Pennacchi ha infine ricordato che, proprio per combattere le fake news, Confagricoltura ha voluto puntare su Greenventure TV – Canale 12 (avvierà le proprie trasmissioni su digitale terrestre a partire da febbraio) che nasce come piattaforma editoriale multicanale per mettere al centro impresa, innovazione, territorio, cultura, benessere e sostenibilità, interpretando l’Umbria come un laboratorio di eccellenza in cui tradizione e modernità convivono e generano valore.

I lavori del convegno sono stati infine conclusi dagli interventi della presidente della Regione Umbria, Stefania Proietti, intervenuta in collegamento da remoto, del sottosegretario agli Interni Emanuele Prisco e del direttore generale di Confagricoltura Roberto Caponi.

Proietti si è complimentata con una associazione di categoria “che è per noi uno dei pilastri del settore e sinonimo di eccellenza sempre al passo con i tempi”, salutando il nuovo e il passato presidente. Ha poi ricordato i 126 milioni di euro che nel 2026 “si potranno far atterrare nei nostri territori con bandi orientati alle imprese agricole” e l’obiettivo di creare un brand umbra “da associare a tutte le nostre eccellenze agricole e non solo”.

Anche il sottosegretario Prisco ha voluto salutare Rossi e fare i complimenti per l’elezione a Pennacchi sottolineando poi che “in passato non si è data la giusta attenzione a questo settore dell’economia”. “Ringrazio quindi il ministro dell’agricoltura – ha aggiunto – per il lavoro che sta facendo con scelte coraggiose che hanno l’obiettivo di riportare dignità a questo settore, con numeri di una economia e un pil non irrilevante, e di mettere l’agricoltura tra gli asset strategici della nazione.
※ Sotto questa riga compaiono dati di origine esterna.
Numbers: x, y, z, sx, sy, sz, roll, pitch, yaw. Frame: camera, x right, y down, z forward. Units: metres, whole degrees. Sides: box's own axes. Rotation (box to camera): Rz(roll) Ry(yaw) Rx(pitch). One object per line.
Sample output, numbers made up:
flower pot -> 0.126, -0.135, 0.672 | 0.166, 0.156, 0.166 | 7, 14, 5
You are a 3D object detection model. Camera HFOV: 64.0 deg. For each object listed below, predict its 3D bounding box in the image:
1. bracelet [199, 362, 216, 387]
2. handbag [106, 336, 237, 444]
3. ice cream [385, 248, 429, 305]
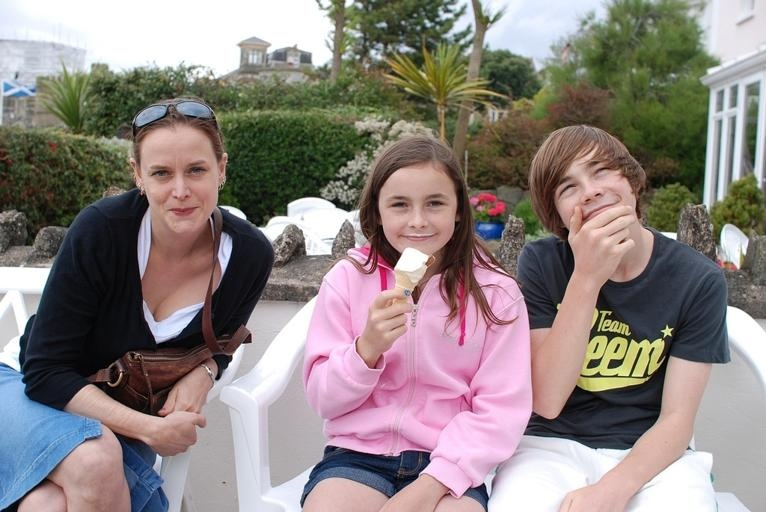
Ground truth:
bracelet -> -0.847, 0.566, 2.959 | 0.079, 0.089, 0.033 | 15, 33, 31
handbag -> -1.018, 0.607, 2.864 | 0.390, 0.403, 0.380 | 0, -1, 8
ice cream -> 0.127, 0.076, 2.565 | 0.134, 0.216, 0.102 | 0, 9, 1
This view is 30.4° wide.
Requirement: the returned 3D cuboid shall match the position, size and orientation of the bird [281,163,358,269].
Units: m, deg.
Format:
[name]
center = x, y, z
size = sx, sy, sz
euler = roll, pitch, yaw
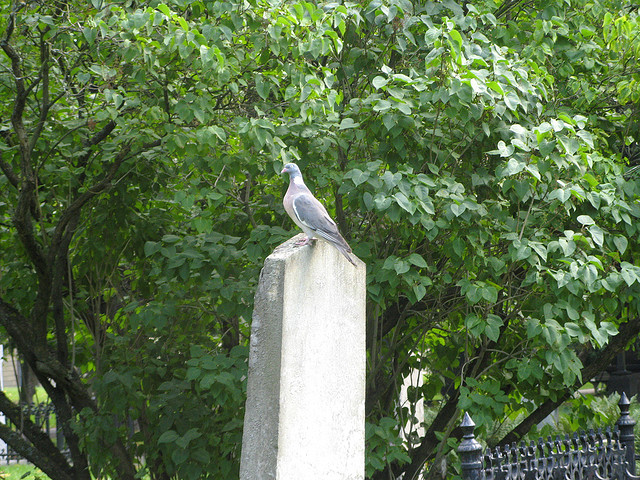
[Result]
[bird]
center = -0.004, -0.267, 11.856
size = 0.842, 0.942, 0.321
euler = 9, 12, 4
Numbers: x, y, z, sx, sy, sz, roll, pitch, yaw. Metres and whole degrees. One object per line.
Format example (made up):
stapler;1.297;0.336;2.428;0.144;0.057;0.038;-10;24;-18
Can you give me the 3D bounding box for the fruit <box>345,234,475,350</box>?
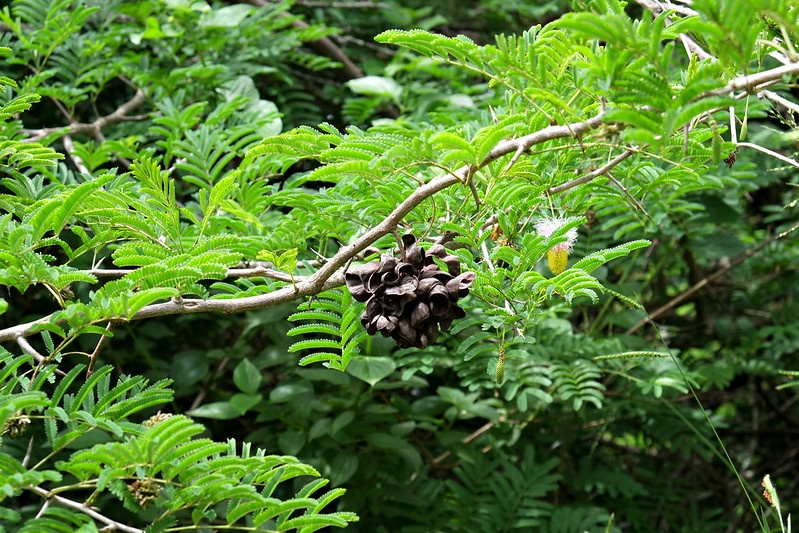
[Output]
fruit;0.023;0.097;2.868;0.352;0.353;0.312;-46;-7;-11
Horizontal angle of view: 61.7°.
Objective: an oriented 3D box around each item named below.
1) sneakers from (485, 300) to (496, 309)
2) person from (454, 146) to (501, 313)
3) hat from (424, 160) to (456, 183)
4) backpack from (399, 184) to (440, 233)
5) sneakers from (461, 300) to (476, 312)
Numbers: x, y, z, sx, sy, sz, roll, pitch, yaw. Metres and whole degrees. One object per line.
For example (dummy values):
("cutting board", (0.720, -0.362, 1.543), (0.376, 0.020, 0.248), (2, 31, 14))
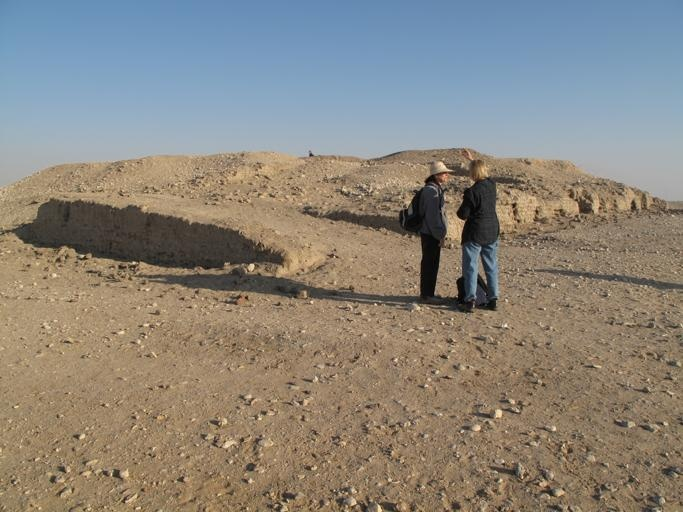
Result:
("sneakers", (1.864, 0.609, 7.094), (0.104, 0.085, 0.123), (3, -5, -26))
("person", (1.670, -0.258, 7.064), (0.578, 1.841, 0.446), (1, 11, -5))
("hat", (1.231, -1.086, 7.341), (0.250, 0.241, 0.385), (3, 9, 6))
("backpack", (1.038, -0.608, 7.506), (0.709, 0.506, 0.485), (0, 8, 8))
("sneakers", (1.561, 0.605, 7.080), (0.122, 0.166, 0.203), (6, 22, 14))
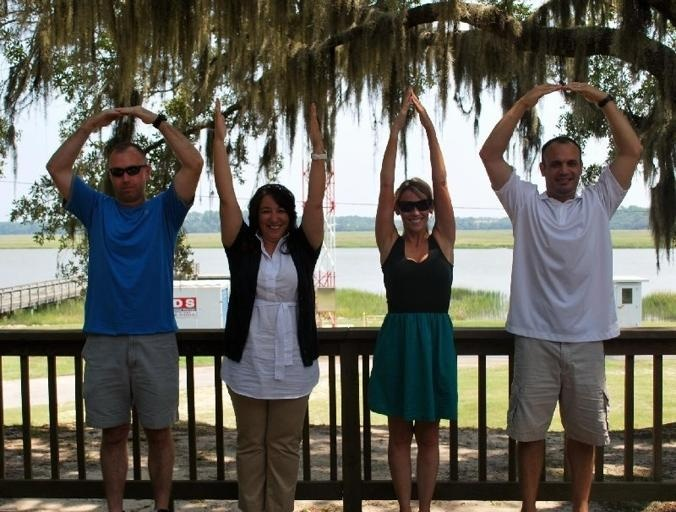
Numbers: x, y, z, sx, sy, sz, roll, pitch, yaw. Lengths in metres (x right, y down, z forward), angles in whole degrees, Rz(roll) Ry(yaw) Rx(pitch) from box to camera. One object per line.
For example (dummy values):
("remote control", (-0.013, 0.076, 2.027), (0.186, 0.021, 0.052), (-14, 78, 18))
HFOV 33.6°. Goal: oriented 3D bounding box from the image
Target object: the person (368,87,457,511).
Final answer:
("person", (0.566, 0.328, 8.649), (0.693, 3.192, 0.282), (-2, 0, 5))
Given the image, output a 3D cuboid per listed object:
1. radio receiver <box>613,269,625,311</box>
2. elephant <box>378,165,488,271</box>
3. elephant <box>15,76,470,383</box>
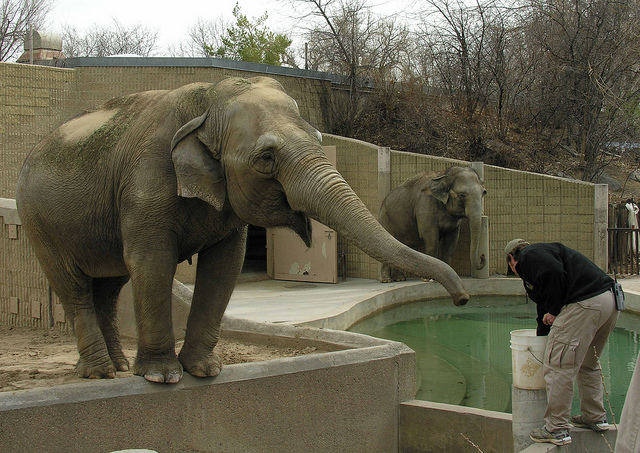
[{"bbox_3d":[3.261,0.768,8.135,0.099,0.339,0.289,-1,2,21],"label":"radio receiver"},{"bbox_3d":[2.580,-0.014,16.834,1.739,2.504,3.211,2,-3,-42],"label":"elephant"},{"bbox_3d":[-1.150,0.101,7.735,4.824,3.259,1.572,1,6,24],"label":"elephant"}]
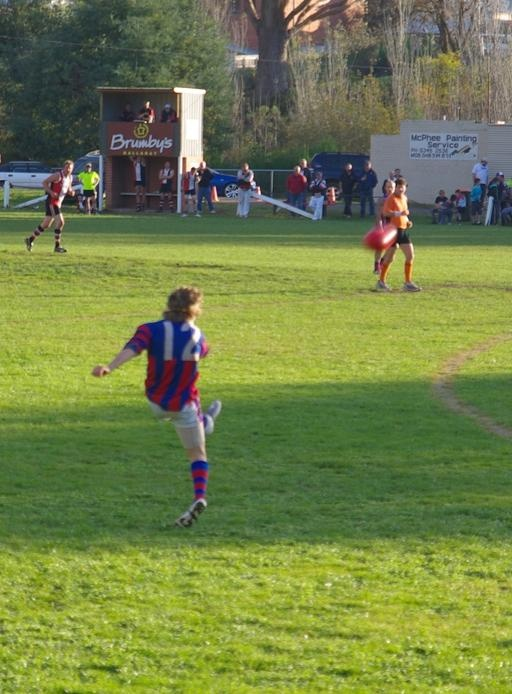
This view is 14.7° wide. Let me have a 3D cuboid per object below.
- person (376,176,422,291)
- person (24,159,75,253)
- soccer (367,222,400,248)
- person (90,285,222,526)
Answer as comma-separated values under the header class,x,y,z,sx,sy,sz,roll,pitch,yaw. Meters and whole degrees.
class,x,y,z,sx,sy,sz,roll,pitch,yaw
person,2.433,-1.896,33.972,0.657,1.917,0.747,1,1,18
person,-3.921,-2.755,37.445,0.837,2.476,0.924,7,14,23
soccer,2.058,-1.808,33.243,0.424,0.394,0.846,1,6,21
person,-1.156,0.641,23.023,1.000,2.719,1.393,1,2,14
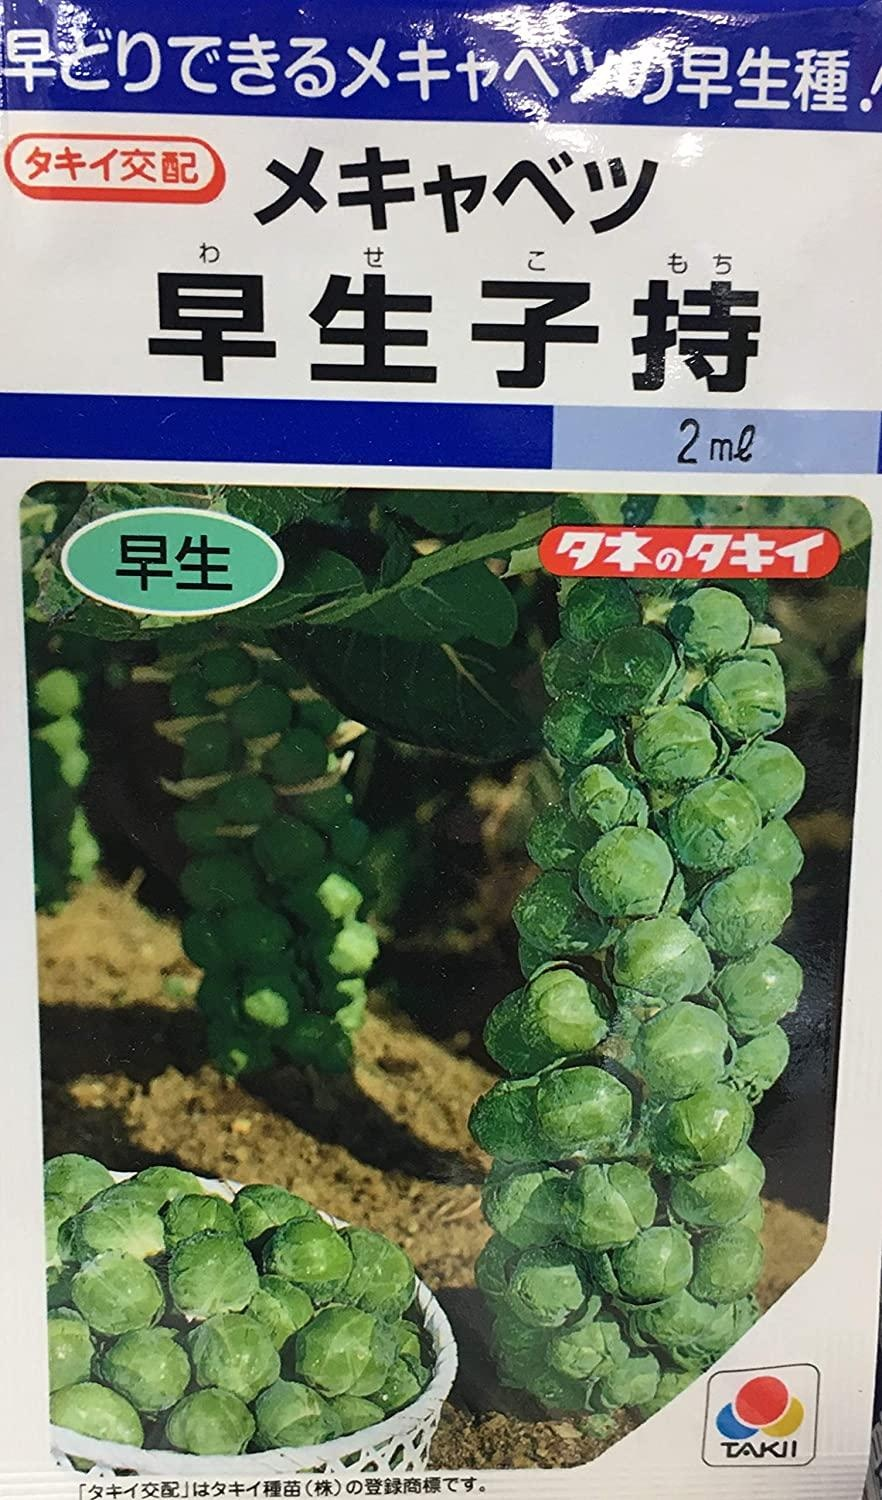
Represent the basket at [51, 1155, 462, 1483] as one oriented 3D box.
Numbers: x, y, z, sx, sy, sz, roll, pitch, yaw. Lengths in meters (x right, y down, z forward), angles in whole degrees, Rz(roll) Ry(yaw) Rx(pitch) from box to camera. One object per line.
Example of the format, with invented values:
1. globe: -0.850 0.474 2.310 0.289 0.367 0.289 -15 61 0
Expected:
1. basket: -0.284 1.010 2.195 0.601 0.196 0.571 11 28 -24

E di questo il governo ne va fiero”.

A chiudere l’incontro è stato il direttore di Confagricoltura Caponi, il quale ha dichiarato: “E’ facile essere vicini a Confagricoltura Umbria, in continua crescita e che rappresenta imprese serie che danno lustro alla nostra organizzazione e proprio per questo uno dei prossimi obiettivi sarà quello di creare un’area di progettazione economica e di prodotto”. Parlando poi della situazione del settore ha cosi concluso: “Non vedo ancora una legislazione che favorisca la crescita, perché piccolo è bello va messo oggi in discussione. Non vogliamo rappresentare tutto e tutti, vogliamo rappresentare le imprese agricole vere che credono nel mercato in maniera corretta e coerente e vogliamo tutelarle sempre”.